[MDEV-28709] unexpected X lock on Supremum in READ COMMITTED Created: 2022-05-31  Updated: 2023-12-09  Resolved: 2022-10-24

Status: Closed
Project: MariaDB Server
Component/s: Replication, Storage Engine - InnoDB
Affects Version/s: 10.5.16
Fix Version/s: 10.5.18, 10.6.11, 10.7.7, 10.8.6, 10.9.4, 10.10.2, 10.11.1

Type: Bug Priority: Critical
Reporter: Andrei Elkin Assignee: Vladislav Lesin
Resolution: Fixed Votes: 2
Labels: XA

Attachments: File MDEV-28709-stable.test     File MDEV-28709_x_sup.diff    
Issue Links:
Blocks
is blocked by MDEV-29575 Access to innodb_trx, innodb_locks an... Closed
Relates
relates to MDEV-30165 X-lock on supremum for prepared trans... Closed
relates to MDEV-17814 Server crashes in is_current_stmt_bin... Open
relates to MDEV-26682 slave lock timeout with xa and gap locks Closed

 Description   

Affects/is observed on 821808c45dd

Transaction that update,insert,delete a distinctive single record specified with a PK value
should not have any gap lock. E.g such one as call foo1(); where the table and procedure
are defined as follows

CREATE TABLE `t2_text` (
  `a` int(11) NOT NULL,
  `b` int(11) DEFAULT NULL,
  `c` text DEFAULT NULL,
  PRIMARY KEY (`a`)
) ENGINE=InnoDB
 
 
create procedure foo1()
begin
     declare av int;
     declare ni int;
     declare mk int;
     declare u0,u1,d int;
     declare skip_max int;
 
     set av = ceil(rand()*100);
     set ni = ceil(rand()*10);
     set skip_max = 2;
     set d = av + mod(ceil(rand()*100), skip_max*ni);
     set u0 = av + mod(ceil(rand()*100), skip_max*ni);
     set u1 = av + mod(ceil(rand()*100), skip_max*ni);
 
     while (ni > 0) do
       set mk = mod(ceil(rand()*100),4);
       replace into t2_text values (av, av, repeat('a', mk*1024));
       set ni = ni - 1;
       set av = av + 1 + mod(ceil(rand()*100), skip_max);
     end while;  
     delete from t2_text where a = d;
     update t2_text set a=u1,b=u1 where a = u0;
end|
delimiter ;

However a X lock on Supremum record appears when the above `call foo1()` runs concurrently, like

--connection one
--send \
     select sleep(0.1);xa start '1'; call foo1(); xa end '1'; xa prepare '1'; select sleep(0.05); xa commit '1'; select sleep(0.1);
 
--connection two
--send \
     select sleep(0.1);xa start '2'; call foo1(); xa end '2'; xa prepare '2'; select sleep(0.05); xa commit '2'; select sleep(0.1);

so an assert, see the diff file attached, fires after few repeats.

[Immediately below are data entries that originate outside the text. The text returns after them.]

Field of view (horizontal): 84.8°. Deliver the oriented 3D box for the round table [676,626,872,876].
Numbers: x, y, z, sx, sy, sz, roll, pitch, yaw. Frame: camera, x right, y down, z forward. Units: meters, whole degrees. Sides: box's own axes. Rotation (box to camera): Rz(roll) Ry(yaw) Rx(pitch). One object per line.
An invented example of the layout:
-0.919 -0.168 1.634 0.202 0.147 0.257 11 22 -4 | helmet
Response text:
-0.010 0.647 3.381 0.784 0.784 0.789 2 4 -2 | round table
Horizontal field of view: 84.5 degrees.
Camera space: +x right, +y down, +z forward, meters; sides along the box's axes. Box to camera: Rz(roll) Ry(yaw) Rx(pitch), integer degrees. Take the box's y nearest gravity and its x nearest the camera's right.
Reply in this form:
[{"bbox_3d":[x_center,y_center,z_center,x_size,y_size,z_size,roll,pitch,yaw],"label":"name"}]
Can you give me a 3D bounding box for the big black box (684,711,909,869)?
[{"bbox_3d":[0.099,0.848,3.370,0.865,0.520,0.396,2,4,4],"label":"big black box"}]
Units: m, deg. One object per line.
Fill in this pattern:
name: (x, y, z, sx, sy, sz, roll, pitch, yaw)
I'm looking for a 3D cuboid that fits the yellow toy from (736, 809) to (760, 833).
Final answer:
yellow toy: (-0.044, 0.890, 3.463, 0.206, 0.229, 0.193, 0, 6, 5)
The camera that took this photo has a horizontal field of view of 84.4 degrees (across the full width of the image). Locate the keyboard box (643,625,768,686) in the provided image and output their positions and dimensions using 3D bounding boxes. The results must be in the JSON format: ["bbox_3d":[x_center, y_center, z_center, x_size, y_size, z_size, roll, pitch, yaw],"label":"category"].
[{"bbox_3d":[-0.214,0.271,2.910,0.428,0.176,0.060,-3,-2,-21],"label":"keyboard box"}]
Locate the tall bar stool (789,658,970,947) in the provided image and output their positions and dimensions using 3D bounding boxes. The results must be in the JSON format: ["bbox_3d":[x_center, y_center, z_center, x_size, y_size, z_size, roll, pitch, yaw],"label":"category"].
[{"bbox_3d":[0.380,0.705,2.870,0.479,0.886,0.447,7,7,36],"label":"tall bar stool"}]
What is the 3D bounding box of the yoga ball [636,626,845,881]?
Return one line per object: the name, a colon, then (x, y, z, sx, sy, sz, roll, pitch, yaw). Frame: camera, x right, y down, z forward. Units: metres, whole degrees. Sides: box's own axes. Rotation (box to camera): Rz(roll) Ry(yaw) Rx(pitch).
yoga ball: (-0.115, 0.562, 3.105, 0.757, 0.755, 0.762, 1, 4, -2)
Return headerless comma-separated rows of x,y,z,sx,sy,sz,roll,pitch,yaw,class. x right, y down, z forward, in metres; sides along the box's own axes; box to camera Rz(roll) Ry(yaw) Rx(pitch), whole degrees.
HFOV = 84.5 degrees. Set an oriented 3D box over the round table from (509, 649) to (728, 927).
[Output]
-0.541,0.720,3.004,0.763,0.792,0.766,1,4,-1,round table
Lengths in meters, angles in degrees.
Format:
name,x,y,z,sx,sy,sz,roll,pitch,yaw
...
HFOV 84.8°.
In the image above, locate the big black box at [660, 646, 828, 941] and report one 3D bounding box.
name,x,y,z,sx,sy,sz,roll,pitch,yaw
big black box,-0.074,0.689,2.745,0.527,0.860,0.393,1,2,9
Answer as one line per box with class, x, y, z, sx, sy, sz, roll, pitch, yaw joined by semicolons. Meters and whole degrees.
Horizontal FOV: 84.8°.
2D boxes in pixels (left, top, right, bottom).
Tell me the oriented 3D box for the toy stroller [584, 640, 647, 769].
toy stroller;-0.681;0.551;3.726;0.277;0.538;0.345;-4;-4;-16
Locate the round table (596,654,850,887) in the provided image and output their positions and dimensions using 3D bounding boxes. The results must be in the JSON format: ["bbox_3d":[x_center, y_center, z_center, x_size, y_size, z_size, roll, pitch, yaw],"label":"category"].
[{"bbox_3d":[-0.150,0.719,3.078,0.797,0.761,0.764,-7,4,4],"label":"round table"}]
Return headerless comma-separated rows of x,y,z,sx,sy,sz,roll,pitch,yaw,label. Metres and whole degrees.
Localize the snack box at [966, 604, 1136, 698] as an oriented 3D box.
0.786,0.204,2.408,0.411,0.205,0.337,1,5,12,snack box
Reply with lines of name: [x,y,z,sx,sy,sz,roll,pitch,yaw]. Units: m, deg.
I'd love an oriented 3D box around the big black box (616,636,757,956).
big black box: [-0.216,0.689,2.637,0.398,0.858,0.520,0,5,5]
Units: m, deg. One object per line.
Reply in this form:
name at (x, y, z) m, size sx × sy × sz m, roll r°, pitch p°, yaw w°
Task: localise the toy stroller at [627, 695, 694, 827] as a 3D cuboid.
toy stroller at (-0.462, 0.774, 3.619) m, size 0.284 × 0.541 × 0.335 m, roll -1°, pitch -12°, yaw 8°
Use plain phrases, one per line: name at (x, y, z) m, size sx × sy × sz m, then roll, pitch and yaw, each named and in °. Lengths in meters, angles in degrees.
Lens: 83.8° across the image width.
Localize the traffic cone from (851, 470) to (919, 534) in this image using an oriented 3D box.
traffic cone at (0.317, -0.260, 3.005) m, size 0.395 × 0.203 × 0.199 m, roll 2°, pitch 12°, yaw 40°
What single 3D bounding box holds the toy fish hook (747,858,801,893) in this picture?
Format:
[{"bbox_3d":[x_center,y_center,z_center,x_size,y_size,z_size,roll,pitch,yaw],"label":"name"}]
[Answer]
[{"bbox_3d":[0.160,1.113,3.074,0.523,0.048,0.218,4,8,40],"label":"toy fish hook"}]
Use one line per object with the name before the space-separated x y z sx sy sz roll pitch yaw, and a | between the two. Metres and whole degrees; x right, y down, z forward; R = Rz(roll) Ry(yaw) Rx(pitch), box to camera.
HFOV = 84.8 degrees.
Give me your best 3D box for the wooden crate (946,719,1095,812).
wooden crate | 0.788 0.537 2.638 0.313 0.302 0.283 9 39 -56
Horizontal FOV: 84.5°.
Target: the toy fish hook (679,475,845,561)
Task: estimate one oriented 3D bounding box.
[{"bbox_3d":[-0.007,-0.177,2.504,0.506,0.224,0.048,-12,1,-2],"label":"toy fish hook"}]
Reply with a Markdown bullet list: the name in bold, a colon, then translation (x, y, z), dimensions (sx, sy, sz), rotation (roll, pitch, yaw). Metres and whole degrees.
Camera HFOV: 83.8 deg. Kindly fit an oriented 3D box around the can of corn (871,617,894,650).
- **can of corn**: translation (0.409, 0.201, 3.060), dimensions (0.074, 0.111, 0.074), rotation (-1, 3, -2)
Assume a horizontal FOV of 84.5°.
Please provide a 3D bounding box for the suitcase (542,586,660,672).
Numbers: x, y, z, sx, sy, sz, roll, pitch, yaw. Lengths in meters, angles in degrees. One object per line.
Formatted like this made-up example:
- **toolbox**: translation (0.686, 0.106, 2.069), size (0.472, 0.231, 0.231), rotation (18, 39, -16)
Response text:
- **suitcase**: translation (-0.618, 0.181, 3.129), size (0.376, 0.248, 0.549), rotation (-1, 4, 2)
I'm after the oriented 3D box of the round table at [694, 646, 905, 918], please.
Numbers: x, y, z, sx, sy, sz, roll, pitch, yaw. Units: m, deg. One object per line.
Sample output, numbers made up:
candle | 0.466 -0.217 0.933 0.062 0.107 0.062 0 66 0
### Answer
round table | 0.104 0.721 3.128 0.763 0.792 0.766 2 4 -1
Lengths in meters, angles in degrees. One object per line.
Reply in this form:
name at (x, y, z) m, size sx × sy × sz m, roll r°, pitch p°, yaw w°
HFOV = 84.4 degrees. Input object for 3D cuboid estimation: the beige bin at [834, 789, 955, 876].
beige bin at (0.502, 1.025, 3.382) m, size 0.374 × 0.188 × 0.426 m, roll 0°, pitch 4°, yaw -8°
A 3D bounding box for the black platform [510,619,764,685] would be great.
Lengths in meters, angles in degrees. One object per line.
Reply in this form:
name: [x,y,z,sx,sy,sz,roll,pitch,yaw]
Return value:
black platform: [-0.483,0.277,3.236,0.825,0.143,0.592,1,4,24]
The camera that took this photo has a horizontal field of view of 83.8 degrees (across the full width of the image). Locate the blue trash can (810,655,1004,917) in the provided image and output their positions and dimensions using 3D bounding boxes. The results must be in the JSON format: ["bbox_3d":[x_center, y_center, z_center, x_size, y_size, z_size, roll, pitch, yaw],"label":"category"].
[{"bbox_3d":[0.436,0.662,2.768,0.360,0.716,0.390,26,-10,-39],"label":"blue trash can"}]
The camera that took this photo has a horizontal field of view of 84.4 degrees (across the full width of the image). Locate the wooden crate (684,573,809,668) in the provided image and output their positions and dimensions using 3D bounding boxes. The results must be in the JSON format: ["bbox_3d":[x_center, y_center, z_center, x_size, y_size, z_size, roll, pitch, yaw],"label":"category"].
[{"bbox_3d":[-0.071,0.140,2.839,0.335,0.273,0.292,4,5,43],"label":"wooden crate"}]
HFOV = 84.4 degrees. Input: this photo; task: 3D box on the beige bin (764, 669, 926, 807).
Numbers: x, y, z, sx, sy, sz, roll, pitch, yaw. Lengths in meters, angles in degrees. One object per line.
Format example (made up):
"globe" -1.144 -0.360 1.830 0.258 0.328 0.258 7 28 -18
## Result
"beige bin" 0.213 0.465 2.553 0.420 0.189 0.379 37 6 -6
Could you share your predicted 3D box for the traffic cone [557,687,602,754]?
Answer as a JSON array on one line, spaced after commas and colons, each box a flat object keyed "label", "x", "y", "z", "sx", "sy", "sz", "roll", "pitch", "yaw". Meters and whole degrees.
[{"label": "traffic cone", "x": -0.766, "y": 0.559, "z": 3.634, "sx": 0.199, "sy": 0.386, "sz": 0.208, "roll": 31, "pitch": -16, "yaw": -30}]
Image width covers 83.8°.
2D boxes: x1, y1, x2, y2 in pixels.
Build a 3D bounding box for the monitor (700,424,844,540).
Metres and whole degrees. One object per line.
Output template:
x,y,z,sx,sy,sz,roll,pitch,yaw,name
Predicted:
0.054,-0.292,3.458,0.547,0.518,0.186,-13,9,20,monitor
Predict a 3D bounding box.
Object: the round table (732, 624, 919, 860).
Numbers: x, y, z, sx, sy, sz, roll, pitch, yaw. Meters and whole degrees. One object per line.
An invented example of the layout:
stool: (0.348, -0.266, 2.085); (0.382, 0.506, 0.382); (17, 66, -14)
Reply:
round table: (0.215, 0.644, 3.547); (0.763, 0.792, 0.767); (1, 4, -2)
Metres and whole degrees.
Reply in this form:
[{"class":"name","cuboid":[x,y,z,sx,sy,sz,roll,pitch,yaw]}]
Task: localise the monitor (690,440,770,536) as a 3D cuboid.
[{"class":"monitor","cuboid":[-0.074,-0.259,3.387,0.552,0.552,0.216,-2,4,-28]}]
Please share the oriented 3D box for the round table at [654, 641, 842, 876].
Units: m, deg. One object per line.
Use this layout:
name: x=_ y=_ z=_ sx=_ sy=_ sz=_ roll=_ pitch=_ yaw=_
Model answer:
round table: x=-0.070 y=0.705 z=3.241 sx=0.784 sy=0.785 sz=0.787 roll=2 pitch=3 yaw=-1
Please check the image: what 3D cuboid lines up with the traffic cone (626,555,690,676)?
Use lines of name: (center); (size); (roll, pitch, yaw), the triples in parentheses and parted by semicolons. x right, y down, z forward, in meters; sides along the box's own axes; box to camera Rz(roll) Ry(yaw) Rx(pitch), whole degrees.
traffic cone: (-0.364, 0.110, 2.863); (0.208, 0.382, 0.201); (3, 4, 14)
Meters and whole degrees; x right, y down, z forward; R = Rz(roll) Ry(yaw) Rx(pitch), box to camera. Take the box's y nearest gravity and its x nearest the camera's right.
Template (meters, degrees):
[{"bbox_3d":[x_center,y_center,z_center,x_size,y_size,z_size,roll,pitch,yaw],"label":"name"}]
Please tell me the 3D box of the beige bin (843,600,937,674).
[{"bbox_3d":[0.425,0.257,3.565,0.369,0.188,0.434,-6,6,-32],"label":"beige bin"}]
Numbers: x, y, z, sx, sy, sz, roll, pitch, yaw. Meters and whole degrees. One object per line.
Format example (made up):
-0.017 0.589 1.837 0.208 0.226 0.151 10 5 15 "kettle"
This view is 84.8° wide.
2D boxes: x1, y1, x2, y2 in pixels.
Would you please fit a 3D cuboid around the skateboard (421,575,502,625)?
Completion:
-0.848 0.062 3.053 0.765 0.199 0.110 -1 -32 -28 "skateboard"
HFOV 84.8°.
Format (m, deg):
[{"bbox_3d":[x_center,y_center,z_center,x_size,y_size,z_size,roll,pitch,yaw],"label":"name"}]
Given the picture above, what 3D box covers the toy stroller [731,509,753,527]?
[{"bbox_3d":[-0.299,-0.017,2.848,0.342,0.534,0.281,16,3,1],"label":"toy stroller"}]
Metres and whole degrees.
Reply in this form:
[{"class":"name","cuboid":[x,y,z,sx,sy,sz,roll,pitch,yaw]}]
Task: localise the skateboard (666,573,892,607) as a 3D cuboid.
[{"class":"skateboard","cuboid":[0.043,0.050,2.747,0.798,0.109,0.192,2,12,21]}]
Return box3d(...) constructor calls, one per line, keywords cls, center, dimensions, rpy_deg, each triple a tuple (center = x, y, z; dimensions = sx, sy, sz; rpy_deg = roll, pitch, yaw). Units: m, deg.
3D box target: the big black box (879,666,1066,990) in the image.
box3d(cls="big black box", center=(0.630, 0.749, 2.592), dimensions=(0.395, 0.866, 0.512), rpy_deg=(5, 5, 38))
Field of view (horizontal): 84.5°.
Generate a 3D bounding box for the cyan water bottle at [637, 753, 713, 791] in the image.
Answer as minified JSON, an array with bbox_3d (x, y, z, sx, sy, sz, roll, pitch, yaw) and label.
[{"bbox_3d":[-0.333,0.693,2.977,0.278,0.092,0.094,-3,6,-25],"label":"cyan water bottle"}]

It also survives MDEV-26682 commit's action to clear the user XA out of gap locks.
The latter, as it was in MDEV-26682 context, may have as a consequence seemingly non-conflicting XA transactions to become actually conflicting.
when they replayed on slave.

The attached diff suggests how to fix this though its idea is merely to work around xa replication issues, and not possible
isolation ones (when the presence of X on supremum indeed 'unexpected' and can't be justified).

(Edited to remove unnecessary Unique constraint from `b`)



 Comments   
Comment by Vladislav Lesin [ 2022-06-07 ]

Some update. I have analyzed the test case. DELETE's and UPDATE's are not important to reproduce it, the key role plays REPLACE.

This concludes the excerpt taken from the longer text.